Hacker News new | ask | show | jobs
by logifail 1440 days ago
> The Human Rights Act 1998 came into force just over 20 years ago in October 2000, vastly improving protections for human rights in common law, statute, EU and international law

Q: For whom?

4 comments

People the British government don't like and who they have subjected to torture and extra-judicial killings, the biggest example being people in Northern Ireland opposing Union with Great Britain.
thats not the biggest example. the list is quite long and it wont even make the first page.
Oh?

Keep in mind this isn't about all their violations, but the ones that were still ongoing in significant numbers around the year 2000.
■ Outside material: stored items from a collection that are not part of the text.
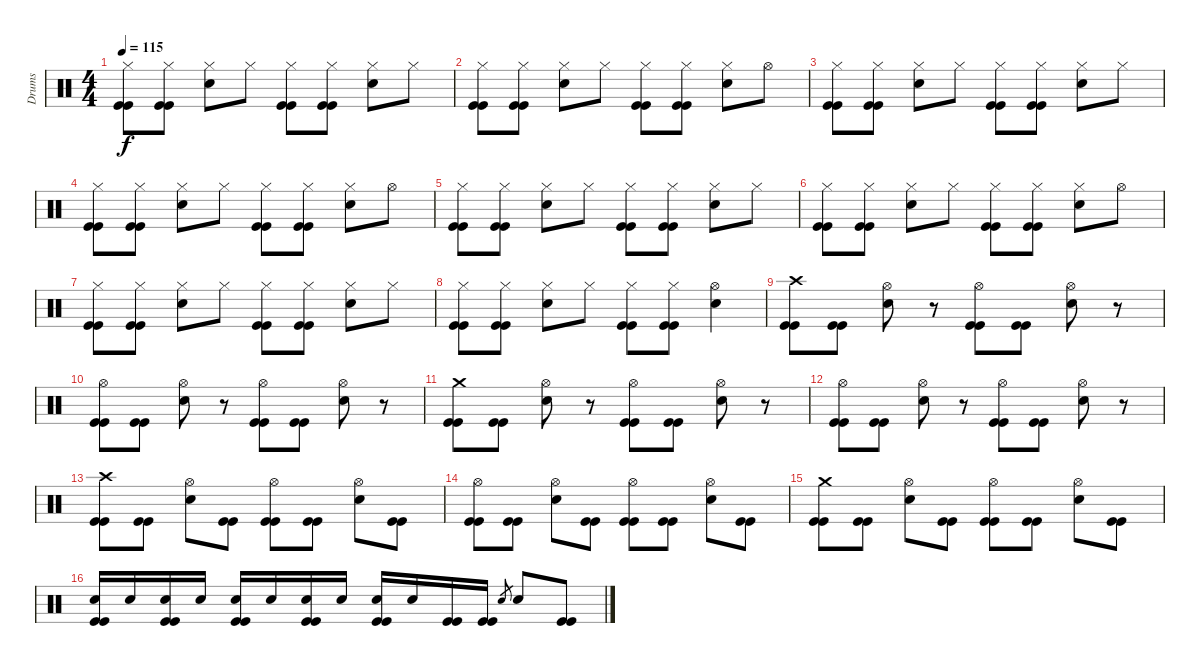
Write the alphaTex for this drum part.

\track ("Drums" "Drums") {instrument percussion}
\staff {score}
\articulation defaults
\ts (4 4)
\tempo 115
\clef neutral
\ks c
("Hi-Hat (closed)" "Kick (hit)" "Kick (hit)").8{dy f} ("Hi-Hat (closed)" "Kick (hit)" "Kick (hit)").8 ("Hi-Hat (closed)" "Electric Snare (hit)").8 "Hi-Hat (closed)".8 ("Hi-Hat (closed)" "Kick (hit)" "Kick (hit)").8 ("Hi-Hat (closed)" "Kick (hit)" "Kick (hit)").8 ("Hi-Hat (closed)" "Electric Snare (hit)").8 "Hi-Hat (closed)".8 |
("Hi-Hat (closed)" "Kick (hit)" "Kick (hit)").8 ("Hi-Hat (closed)" "Kick (hit)" "Kick (hit)").8 ("Hi-Hat (closed)" "Electric Snare (hit)").8 "Hi-Hat (closed)".8 ("Hi-Hat (closed)" "Kick (hit)" "Kick (hit)").8 ("Hi-Hat (closed)" "Kick (hit)" "Kick (hit)").8 ("Hi-Hat (closed)" "Electric Snare (hit)").8 "Hi-Hat (open)".8 |
("Hi-Hat (closed)" "Kick (hit)" "Kick (hit)").8 ("Hi-Hat (closed)" "Kick (hit)" "Kick (hit)").8 ("Hi-Hat (closed)" "Electric Snare (hit)").8 "Hi-Hat (closed)".8 ("Hi-Hat (closed)" "Kick (hit)" "Kick (hit)").8 ("Hi-Hat (closed)" "Kick (hit)" "Kick (hit)").8 ("Hi-Hat (closed)" "Electric Snare (hit)").8 "Hi-Hat (closed)".8 |
("Hi-Hat (closed)" "Kick (hit)" "Kick (hit)").8 ("Hi-Hat (closed)" "Kick (hit)" "Kick (hit)").8 ("Hi-Hat (closed)" "Electric Snare (hit)").8 "Hi-Hat (closed)".8 ("Hi-Hat (closed)" "Kick (hit)" "Kick (hit)").8 ("Hi-Hat (closed)" "Kick (hit)" "Kick (hit)").8 ("Hi-Hat (closed)" "Electric Snare (hit)").8 "Hi-Hat (open)".8 |
("Hi-Hat (closed)" "Kick (hit)" "Kick (hit)").8 ("Hi-Hat (closed)" "Kick (hit)" "Kick (hit)").8 ("Hi-Hat (closed)" "Electric Snare (hit)").8 "Hi-Hat (closed)".8 ("Hi-Hat (closed)" "Kick (hit)" "Kick (hit)").8 ("Hi-Hat (closed)" "Kick (hit)" "Kick (hit)").8 ("Hi-Hat (closed)" "Electric Snare (hit)").8 "Hi-Hat (closed)".8 |
("Hi-Hat (closed)" "Kick (hit)" "Kick (hit)").8 ("Hi-Hat (closed)" "Kick (hit)" "Kick (hit)").8 ("Hi-Hat (closed)" "Electric Snare (hit)").8 "Hi-Hat (closed)".8 ("Hi-Hat (closed)" "Kick (hit)" "Kick (hit)").8 ("Hi-Hat (closed)" "Kick (hit)" "Kick (hit)").8 ("Hi-Hat (closed)" "Electric Snare (hit)").8 "Hi-Hat (open)".8 |
("Hi-Hat (closed)" "Kick (hit)" "Kick (hit)").8 ("Hi-Hat (closed)" "Kick (hit)" "Kick (hit)").8 ("Hi-Hat (closed)" "Electric Snare (hit)").8 "Hi-Hat (closed)".8 ("Hi-Hat (closed)" "Kick (hit)" "Kick (hit)").8 ("Hi-Hat (closed)" "Kick (hit)" "Kick (hit)").8 ("Hi-Hat (closed)" "Electric Snare (hit)").8 "Hi-Hat (closed)".8 |
("Hi-Hat (closed)" "Kick (hit)" "Kick (hit)").8 ("Hi-Hat (closed)" "Kick (hit)" "Kick (hit)").8 ("Hi-Hat (closed)" "Electric Snare (hit)").8 "Hi-Hat (closed)".8 ("Hi-Hat (closed)" "Kick (hit)" "Kick (hit)").8 ("Hi-Hat (closed)" "Kick (hit)" "Kick (hit)").8 ("Hi-Hat (open)" "Electric Snare (hit)").4 |
("Crash high (hit)" "Kick (hit)" "Kick (hit)").8 ("Kick (hit)" "Kick (hit)").8 ("Hi-Hat (open)" "Electric Snare (hit)").8 r.8 ("Hi-Hat (open)" "Kick (hit)" "Kick (hit)").8 ("Kick (hit)" "Kick (hit)").8 ("Hi-Hat (open)" "Electric Snare (hit)").8 r.8 |
("Hi-Hat (open)" "Kick (hit)" "Kick (hit)").8 ("Kick (hit)" "Kick (hit)").8 ("Hi-Hat (open)" "Electric Snare (hit)").8 r.8 ("Hi-Hat (open)" "Kick (hit)" "Kick (hit)").8 ("Kick (hit)" "Kick (hit)").8 ("Hi-Hat (open)" "Electric Snare (hit)").8 r.8 |
("Crash medium (hit)" "Kick (hit)" "Kick (hit)").8 ("Kick (hit)" "Kick (hit)").8 ("Hi-Hat (open)" "Electric Snare (hit)").8 r.8 ("Hi-Hat (open)" "Kick (hit)" "Kick (hit)").8 ("Kick (hit)" "Kick (hit)").8 ("Hi-Hat (open)" "Electric Snare (hit)").8 r.8 |
("Hi-Hat (open)" "Kick (hit)" "Kick (hit)").8 ("Kick (hit)" "Kick (hit)").8 ("Hi-Hat (open)" "Electric Snare (hit)").8 r.8 ("Hi-Hat (open)" "Kick (hit)" "Kick (hit)").8 ("Kick (hit)" "Kick (hit)").8 ("Hi-Hat (open)" "Electric Snare (hit)").8 r.8 |
("Crash high (hit)" "Kick (hit)" "Kick (hit)").8 ("Kick (hit)" "Kick (hit)").8 ("Hi-Hat (open)" "Electric Snare (hit)").8 ("Kick (hit)" "Kick (hit)").8 ("Hi-Hat (open)" "Kick (hit)" "Kick (hit)").8 ("Kick (hit)" "Kick (hit)").8 ("Hi-Hat (open)" "Electric Snare (hit)").8 ("Kick (hit)" "Kick (hit)").8 |
("Hi-Hat (open)" "Kick (hit)" "Kick (hit)").8 ("Kick (hit)" "Kick (hit)").8 ("Hi-Hat (open)" "Electric Snare (hit)").8 ("Kick (hit)" "Kick (hit)").8 ("Hi-Hat (open)" "Kick (hit)" "Kick (hit)").8 ("Kick (hit)" "Kick (hit)").8 ("Hi-Hat (open)" "Electric Snare (hit)").8 ("Kick (hit)" "Kick (hit)").8 |
("Crash medium (hit)" "Kick (hit)" "Kick (hit)").8 ("Kick (hit)" "Kick (hit)").8 ("Hi-Hat (open)" "Electric Snare (hit)").8 ("Kick (hit)" "Kick (hit)").8 ("Hi-Hat (open)" "Kick (hit)" "Kick (hit)").8 ("Kick (hit)" "Kick (hit)").8 ("Hi-Hat (open)" "Electric Snare (hit)").8 ("Kick (hit)" "Kick (hit)").8 |
("Electric Snare (hit)" "Kick (hit)" "Kick (hit)").16 "Electric Snare (hit)".16 ("Electric Snare (hit)" "Kick (hit)" "Kick (hit)").16 "Electric Snare (hit)".16 ("Electric Snare (hit)" "Kick (hit)" "Kick (hit)").16 "Electric Snare (hit)".16 ("Electric Snare (hit)" "Kick (hit)" "Kick (hit)").16 "Electric Snare (hit)".16 ("Electric Snare (hit)" "Kick (hit)" "Kick (hit)").16 "Electric Snare (hit)".16 ("Kick (hit)" "Kick (hit)").16 ("Kick (hit)" "Kick (hit)").16 "Electric Snare (hit)".8{gr} "Electric Snare (hit)".8 ("Kick (hit)" "Kick (hit)").8

Human rights apply to all humans, but of course putting them in law mainly benefit the people who otherwise wouldn't have them respected. Anyone disadvantaged in society, in general.
I'm trying to understand what you're trying to get at. Do you believe the wrong people get the wrong rights by the UK subscribing to the Human Rights Act? Do yoy believe the HRA isn't enough? I'd love to know!
I was asking in good faith in response to the parent writing about the HRA "vastly improving protections".

From wikipedia:

"Many rights established under the Human Rights Act 1998 were already protected under UK law"[0]

Genuinely curious who we think has benefited most from the protections afforded by the act, and why they weren't protected beforehand?